Vanore told NBC10 cold case detectives review every exoneration to see what the DA’s investigation found.
“If the facts were that the wrong person was identified, that exculpatory information was left out, then that's stuff that we need to look at,” he said.
But so far none of those reviews have led to an actual re-investigation of the case.
The Barbara Jean Horn case was reopened in 2021 after detectives watched the NBC10 true crime series “Who Killed Barbara Jean?” and saw that the DA’s office had identified two potential suspects.
“We run that down and we can't get to another suspect, well, when it's a 30-year-old case, sometimes it's very difficult to move forward,” Vanore said.
For the other cases, he said if new information comes up on a case, police will investigate it.
“If there's something there, we'll reopen it and they'll look at it,” he said.
That’s not enough for Officer Flomo’s widow.
Her husband was shot and killed while he was in his unmarked police vehicle with his badge and gun near the corner of 20th and Cecil B Moore. His undercover narcotics shift had ended four hours earlier.
Police arrested William Johnson and Mumim Slaughter after two sex workers said the two men had gone up to Flomo’s car and then gunshots went off. Johnson and Slaughter were convicted of third-degree murder.
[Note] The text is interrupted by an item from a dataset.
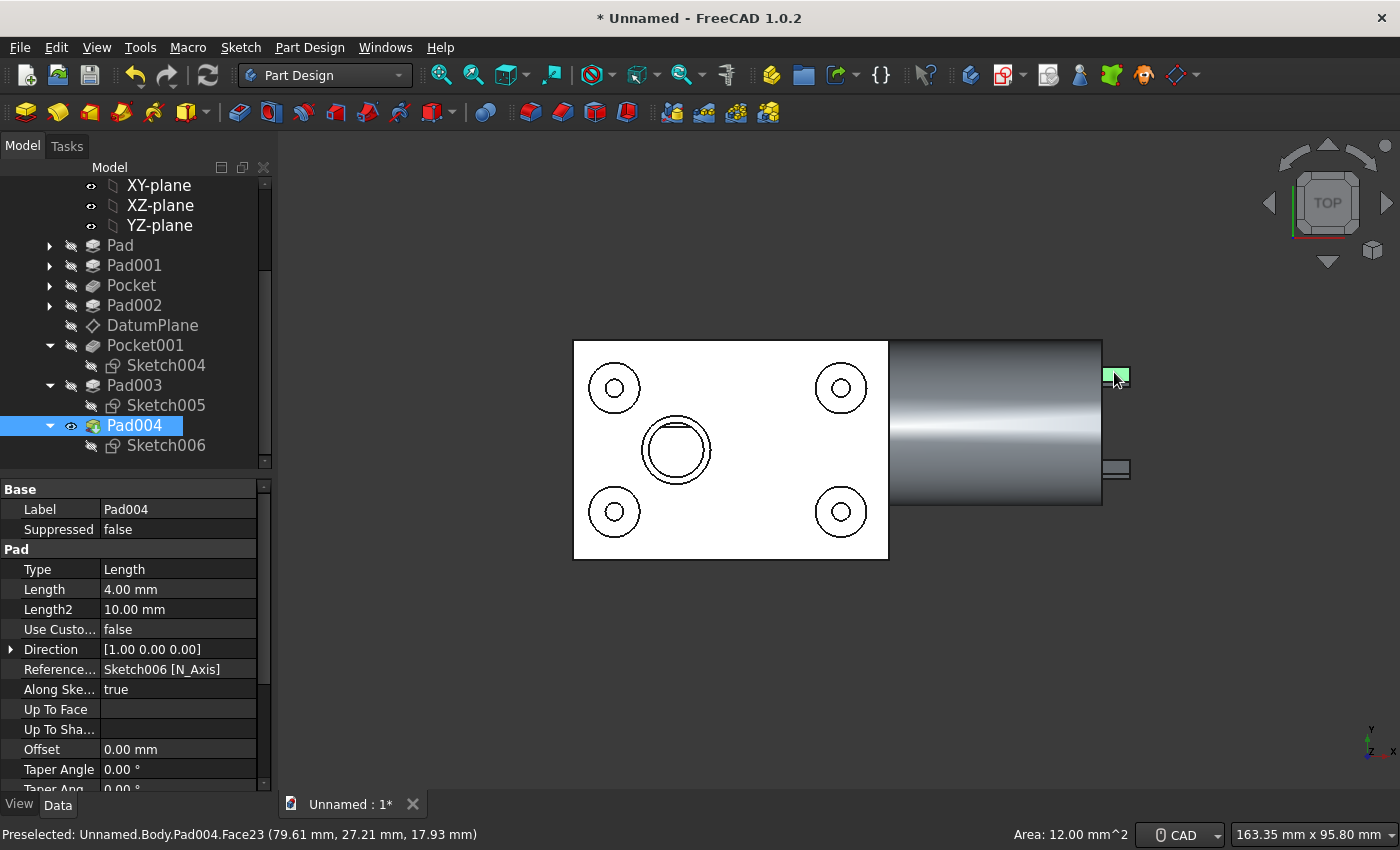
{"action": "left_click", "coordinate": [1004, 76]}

The Pennsylvania Innocence Project picked up Johnson’s case and found exculpatory evidence had been withheld, including a letter from one of the sex workers saying she was pressured by detectives to identify Johnson.
Johnson was exonerated in 2023.
Police don’t think there is much they can do.
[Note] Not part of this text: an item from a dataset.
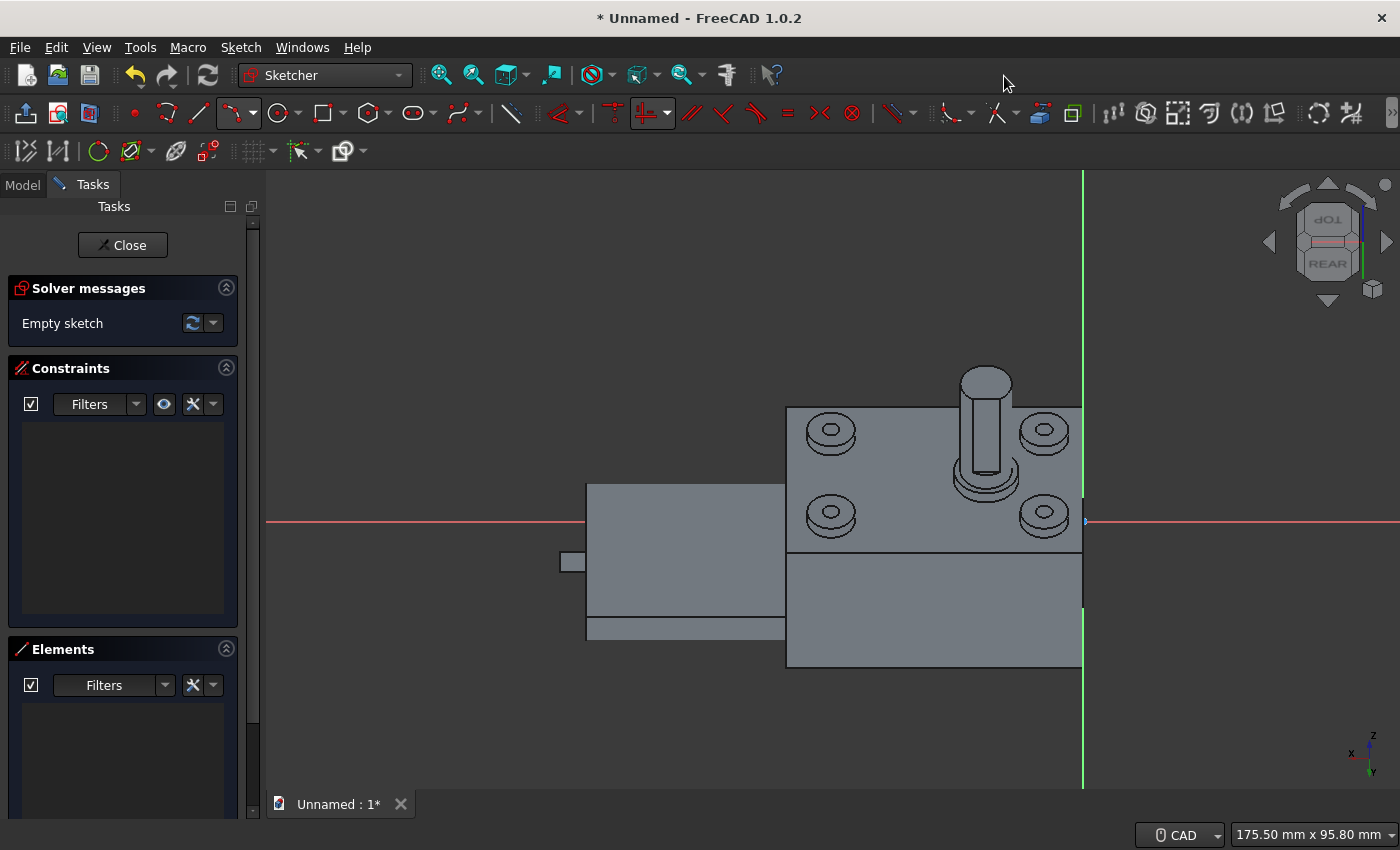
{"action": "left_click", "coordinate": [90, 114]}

“In the Flomo case, I'm told that it was a prosecutorial issue… things were not brought forward in a timely manner,” Vanore said. “ So I don't know if we found anybody else in that case that would have been responsible.”
Mary Flomo says she would like the case to be reopened so that she and her family can get some closure.
“We would find out the truth. We would find out what happened,” she said. “But mainly truth and justice. This is what we want.”